C'est dommage, pour la Fédération et l'équipe de France car maintenant, il y a beaucoup de joueurs français qui sont dans les meilleurs clubs d'EuroLeague. Franchement, je ne sais pas... C'est difficile de se positionner là-dessus, de savoir qui a tort ou qui a raison. Je trouve juste dommage que l'équipe de France ne puisse pas jouer avec ses meilleurs joueurs. C'est tout ce que je peux dire à ce sujet.

« Dule Vujosevic n'a pas bénéficié de tous les moyens que le CSP pouvait lui offrir »

Comment as-tu réagi à l'annonce de la signature de ton ami Joffrey Lauvergne avec les San Antonio Spurs ?
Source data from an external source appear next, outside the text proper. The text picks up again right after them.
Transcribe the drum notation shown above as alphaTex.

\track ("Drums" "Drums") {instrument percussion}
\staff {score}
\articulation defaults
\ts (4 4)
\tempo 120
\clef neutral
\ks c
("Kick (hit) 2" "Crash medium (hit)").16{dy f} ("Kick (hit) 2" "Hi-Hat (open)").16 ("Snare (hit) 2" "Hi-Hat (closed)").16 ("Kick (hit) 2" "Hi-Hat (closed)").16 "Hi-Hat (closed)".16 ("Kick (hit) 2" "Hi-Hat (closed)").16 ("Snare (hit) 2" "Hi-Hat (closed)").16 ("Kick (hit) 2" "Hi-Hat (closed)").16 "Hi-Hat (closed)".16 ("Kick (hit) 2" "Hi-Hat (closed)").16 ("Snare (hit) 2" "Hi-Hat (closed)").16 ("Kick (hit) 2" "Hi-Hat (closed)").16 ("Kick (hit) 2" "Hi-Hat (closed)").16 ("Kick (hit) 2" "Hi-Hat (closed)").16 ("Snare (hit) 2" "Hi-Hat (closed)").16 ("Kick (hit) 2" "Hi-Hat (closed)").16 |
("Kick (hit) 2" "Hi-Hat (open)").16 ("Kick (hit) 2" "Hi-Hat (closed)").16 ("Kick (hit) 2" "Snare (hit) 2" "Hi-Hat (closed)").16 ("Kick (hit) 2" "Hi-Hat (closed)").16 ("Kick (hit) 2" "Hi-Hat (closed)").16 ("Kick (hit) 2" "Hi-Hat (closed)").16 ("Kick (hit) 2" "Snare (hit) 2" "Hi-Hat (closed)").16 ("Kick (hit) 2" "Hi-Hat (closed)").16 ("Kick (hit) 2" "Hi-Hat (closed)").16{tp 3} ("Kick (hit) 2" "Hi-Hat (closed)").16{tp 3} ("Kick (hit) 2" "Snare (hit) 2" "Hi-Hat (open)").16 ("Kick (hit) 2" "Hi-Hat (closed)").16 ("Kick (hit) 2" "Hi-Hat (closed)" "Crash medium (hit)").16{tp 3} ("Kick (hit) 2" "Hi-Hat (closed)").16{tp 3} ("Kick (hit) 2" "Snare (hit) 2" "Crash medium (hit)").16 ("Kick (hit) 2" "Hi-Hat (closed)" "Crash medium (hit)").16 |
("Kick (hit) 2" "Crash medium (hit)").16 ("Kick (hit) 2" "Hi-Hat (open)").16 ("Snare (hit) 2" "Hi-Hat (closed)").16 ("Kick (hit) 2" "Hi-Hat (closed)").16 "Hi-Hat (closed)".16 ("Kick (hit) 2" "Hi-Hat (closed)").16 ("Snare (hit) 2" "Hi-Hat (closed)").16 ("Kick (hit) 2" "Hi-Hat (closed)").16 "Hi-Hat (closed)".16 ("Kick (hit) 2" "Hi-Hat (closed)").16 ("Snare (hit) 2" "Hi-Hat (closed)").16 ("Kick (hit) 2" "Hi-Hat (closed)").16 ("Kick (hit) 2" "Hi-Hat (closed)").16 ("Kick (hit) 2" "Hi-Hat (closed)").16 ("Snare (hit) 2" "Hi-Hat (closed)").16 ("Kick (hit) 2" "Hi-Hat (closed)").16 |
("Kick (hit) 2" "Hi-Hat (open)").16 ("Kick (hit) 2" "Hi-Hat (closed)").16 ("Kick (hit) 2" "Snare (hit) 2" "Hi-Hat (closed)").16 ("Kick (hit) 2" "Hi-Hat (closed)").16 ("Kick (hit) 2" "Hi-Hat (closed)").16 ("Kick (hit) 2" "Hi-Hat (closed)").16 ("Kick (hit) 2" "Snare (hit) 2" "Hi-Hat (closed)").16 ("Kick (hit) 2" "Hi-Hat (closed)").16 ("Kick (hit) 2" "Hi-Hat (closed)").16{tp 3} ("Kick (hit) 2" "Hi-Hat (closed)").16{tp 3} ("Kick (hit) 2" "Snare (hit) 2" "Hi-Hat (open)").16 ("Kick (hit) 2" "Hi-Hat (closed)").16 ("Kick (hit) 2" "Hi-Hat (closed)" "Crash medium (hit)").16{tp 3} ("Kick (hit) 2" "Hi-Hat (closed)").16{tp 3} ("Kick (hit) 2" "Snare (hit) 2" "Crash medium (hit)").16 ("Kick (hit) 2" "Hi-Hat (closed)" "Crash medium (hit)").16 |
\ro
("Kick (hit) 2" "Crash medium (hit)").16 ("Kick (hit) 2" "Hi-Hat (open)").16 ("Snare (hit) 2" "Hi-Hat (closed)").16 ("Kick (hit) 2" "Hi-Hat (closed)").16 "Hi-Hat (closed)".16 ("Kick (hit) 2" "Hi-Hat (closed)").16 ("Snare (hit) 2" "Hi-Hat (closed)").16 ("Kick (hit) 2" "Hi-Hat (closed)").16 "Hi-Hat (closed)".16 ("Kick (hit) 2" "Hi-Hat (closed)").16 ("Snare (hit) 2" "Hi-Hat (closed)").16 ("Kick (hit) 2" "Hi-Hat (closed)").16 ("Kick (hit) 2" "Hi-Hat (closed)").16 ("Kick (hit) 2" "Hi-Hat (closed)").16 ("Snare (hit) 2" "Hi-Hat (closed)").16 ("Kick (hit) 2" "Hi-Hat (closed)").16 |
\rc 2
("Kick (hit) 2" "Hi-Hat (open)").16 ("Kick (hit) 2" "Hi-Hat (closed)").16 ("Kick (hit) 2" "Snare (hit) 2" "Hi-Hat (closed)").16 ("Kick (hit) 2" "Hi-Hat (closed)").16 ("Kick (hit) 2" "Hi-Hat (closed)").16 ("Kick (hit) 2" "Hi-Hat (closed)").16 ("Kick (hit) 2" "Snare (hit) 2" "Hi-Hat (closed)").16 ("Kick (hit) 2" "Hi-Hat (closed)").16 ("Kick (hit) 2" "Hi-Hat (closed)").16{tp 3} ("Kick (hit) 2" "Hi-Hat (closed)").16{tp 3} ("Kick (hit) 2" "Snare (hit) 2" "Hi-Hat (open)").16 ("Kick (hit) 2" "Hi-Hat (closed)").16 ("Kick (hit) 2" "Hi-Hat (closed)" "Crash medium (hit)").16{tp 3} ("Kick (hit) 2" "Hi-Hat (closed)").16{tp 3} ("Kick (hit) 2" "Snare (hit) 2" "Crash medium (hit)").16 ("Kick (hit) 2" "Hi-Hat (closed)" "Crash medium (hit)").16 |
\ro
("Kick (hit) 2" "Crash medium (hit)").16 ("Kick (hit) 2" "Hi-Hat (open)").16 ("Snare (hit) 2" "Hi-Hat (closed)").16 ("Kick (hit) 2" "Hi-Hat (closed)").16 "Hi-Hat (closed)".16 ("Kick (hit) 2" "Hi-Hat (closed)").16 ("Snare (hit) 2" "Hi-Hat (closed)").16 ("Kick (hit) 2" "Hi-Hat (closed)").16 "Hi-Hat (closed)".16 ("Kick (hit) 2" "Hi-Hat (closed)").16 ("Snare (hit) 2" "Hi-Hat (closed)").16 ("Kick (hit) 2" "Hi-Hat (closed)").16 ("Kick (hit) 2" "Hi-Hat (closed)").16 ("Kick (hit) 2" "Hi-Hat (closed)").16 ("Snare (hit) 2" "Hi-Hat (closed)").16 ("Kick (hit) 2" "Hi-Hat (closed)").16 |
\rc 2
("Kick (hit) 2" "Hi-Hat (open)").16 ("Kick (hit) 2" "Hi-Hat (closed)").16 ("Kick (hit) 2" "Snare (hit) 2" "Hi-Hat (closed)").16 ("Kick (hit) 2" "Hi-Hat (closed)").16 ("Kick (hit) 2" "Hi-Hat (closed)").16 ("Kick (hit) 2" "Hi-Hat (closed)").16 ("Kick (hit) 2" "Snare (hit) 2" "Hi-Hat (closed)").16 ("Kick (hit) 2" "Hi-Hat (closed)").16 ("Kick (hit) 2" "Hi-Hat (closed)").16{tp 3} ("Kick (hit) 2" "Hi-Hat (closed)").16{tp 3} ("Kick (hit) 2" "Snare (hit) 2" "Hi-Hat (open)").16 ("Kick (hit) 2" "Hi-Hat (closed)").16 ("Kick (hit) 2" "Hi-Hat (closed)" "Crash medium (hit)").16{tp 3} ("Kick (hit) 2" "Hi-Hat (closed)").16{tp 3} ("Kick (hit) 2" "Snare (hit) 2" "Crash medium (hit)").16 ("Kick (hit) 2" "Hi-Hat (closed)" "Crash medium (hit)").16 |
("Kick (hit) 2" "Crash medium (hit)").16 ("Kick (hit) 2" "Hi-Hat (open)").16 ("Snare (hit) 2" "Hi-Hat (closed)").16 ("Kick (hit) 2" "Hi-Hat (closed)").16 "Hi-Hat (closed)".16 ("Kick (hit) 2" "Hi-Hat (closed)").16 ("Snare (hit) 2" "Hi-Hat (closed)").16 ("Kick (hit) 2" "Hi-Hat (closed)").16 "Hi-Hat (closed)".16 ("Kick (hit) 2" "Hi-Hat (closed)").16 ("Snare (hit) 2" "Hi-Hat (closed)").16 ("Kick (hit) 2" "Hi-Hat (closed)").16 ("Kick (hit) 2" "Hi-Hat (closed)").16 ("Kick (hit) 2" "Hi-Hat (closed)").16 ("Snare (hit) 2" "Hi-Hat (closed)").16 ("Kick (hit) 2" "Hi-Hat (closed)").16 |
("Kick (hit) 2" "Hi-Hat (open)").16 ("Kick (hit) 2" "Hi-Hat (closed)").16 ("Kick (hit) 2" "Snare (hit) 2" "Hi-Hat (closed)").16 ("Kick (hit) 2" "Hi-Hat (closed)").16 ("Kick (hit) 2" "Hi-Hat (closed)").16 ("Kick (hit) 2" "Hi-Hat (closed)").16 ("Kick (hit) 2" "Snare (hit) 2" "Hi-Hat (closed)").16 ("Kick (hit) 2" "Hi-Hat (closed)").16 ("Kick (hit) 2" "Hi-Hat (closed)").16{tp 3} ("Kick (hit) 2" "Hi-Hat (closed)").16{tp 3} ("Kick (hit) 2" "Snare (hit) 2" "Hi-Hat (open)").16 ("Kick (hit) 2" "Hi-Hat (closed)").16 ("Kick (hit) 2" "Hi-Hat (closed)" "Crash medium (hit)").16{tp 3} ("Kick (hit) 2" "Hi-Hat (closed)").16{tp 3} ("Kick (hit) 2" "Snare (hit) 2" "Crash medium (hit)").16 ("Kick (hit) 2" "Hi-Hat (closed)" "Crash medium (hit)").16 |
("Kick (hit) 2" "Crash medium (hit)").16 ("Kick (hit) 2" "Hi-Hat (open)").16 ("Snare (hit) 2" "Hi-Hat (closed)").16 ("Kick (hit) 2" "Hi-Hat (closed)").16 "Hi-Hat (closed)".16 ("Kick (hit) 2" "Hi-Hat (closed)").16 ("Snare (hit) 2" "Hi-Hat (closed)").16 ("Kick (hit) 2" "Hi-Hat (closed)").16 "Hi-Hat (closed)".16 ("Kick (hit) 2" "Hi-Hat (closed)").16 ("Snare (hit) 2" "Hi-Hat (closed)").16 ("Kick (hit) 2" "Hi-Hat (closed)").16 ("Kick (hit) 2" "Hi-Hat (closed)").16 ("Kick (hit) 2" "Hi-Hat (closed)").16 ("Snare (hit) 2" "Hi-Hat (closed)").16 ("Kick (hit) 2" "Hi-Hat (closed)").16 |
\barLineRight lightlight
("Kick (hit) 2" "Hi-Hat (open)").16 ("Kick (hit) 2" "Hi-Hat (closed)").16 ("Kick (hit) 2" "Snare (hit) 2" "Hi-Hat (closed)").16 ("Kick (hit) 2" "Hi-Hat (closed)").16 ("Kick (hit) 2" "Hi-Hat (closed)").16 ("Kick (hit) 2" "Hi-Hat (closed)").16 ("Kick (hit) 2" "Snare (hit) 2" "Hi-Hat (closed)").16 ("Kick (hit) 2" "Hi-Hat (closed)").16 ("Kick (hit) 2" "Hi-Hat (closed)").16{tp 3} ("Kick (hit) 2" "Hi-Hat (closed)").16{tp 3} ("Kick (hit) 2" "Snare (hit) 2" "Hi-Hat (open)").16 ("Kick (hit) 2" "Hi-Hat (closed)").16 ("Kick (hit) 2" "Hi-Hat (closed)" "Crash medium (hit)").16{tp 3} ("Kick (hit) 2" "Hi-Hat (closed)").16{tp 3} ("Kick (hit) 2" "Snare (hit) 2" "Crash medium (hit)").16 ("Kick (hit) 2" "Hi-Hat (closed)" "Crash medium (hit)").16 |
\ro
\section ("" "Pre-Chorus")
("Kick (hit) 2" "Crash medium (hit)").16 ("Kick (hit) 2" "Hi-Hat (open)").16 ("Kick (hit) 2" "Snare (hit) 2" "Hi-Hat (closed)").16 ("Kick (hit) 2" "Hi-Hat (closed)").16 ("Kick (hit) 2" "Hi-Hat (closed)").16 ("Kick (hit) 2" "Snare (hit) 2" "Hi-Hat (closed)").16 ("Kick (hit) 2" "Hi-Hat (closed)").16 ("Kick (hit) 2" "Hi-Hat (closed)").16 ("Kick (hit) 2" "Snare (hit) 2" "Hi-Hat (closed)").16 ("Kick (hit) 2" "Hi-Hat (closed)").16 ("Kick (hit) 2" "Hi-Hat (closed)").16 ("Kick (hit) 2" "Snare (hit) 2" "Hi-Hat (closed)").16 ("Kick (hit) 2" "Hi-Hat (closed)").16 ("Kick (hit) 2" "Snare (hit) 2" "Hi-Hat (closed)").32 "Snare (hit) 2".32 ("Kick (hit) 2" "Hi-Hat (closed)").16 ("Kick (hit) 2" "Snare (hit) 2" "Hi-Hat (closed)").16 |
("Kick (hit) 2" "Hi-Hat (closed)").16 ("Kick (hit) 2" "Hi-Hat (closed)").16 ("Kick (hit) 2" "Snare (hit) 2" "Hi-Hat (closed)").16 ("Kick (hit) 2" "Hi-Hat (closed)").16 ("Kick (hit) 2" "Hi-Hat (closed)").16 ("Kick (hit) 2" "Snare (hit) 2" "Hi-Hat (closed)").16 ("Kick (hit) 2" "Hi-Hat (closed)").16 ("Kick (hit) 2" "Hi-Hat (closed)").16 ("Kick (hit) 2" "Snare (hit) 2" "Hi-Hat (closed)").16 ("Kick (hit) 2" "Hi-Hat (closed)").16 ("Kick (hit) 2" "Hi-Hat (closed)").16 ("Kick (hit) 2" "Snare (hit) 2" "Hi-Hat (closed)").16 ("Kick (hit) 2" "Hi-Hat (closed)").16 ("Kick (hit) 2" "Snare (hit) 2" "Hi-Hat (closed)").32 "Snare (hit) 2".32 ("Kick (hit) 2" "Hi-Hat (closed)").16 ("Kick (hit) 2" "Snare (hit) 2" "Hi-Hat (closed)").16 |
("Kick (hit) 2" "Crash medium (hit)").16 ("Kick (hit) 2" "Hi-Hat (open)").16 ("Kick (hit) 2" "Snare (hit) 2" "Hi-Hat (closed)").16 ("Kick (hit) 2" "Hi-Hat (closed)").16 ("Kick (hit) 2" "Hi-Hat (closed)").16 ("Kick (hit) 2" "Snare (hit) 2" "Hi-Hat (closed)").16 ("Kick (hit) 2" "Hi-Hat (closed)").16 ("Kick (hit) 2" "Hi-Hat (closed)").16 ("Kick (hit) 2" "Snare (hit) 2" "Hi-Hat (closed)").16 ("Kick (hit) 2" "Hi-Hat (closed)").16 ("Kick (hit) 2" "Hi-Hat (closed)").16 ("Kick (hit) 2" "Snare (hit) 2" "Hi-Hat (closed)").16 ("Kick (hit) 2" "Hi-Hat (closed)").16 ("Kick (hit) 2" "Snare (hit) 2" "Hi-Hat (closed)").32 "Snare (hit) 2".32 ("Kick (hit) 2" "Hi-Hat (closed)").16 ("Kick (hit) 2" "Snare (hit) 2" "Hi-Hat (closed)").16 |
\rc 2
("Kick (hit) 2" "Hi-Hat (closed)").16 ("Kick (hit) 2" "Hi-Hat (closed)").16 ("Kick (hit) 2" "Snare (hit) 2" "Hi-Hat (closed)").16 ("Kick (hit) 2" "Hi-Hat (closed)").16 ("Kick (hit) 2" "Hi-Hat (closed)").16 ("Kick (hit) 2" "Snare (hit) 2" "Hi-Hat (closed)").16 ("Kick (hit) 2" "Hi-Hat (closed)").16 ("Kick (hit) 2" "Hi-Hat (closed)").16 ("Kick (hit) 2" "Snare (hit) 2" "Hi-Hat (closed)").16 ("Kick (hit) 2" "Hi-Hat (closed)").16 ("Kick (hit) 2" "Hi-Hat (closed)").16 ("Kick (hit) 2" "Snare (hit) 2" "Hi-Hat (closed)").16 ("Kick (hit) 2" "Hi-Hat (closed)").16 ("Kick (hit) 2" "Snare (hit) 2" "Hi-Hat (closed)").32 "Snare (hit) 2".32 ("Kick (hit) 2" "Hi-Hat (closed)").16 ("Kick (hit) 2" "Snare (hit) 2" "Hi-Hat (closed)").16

Je suis très content pour lui, il va évoluer dans un style qui lui correspond. Il va être avec un grand coach, des grands joueurs, de bons gars. Je pense que c'est la meilleure situation pour lui pour bien jouer au basket. La meilleure, et de loin. Tony va l'aider, Popovich aussi. Le système des Spurs ne peut qu'être bénéfique pour lui.

En plus, Gregg Popovich, cela pourra lui rappeler Dusko Vujosevic et le Partizan un peu...

C'est ça, plus ou moins, oui. Popovich, c'est le meilleur coach du monde des dix - quinze dernières années. Il y a un respect énorme, c'est un peu le Zeljko Obradovic de la NBA. Je pense que ça lui rappelera au bon souvenir de Dule (il rit).

D'ailleurs, comment expliques-tu l'échec de Dusko Vujosevic à Limoges ?

Alors là, il y a énormément de facteurs. Déjà, le style de basket de la Pro A ne lui correspond pas. Ensuite, je ne pense pas qu'il a disposé de toutes les possibilités que le club et le président pouvaient lui fournir. Aussi, Dule est affaibli par une maladie, ça le rend plus faible entre guillemets, c'est moins évident pour lui de coacher. Il y a aussi la barrière de la langue, évidemment, qui est compliquée en France. Il y a beaucoup de raisons qui font que... Mais bon, c'est le basket, c'est comme ça. Cela ressemble un peu à ma situation : je n'ai pas changé d'un an à l'autre, je suis toujours le même joueur. L'année dernière, personne ne me voulait et cet été, j'ai eu une plénitude d'offres. C'est juste qu'à Kaunas, j'étais dans un bon système, comme chaque coach doit l'être s'il veut performer. C'est pareil pour tout le monde : d'une année à l'autre, tout peut changer.

 
Retrouvez la première partie de l'interview de Léo Westermann : "Rejoindre le CSKA Moscou, c'est quelque chose d'énorme".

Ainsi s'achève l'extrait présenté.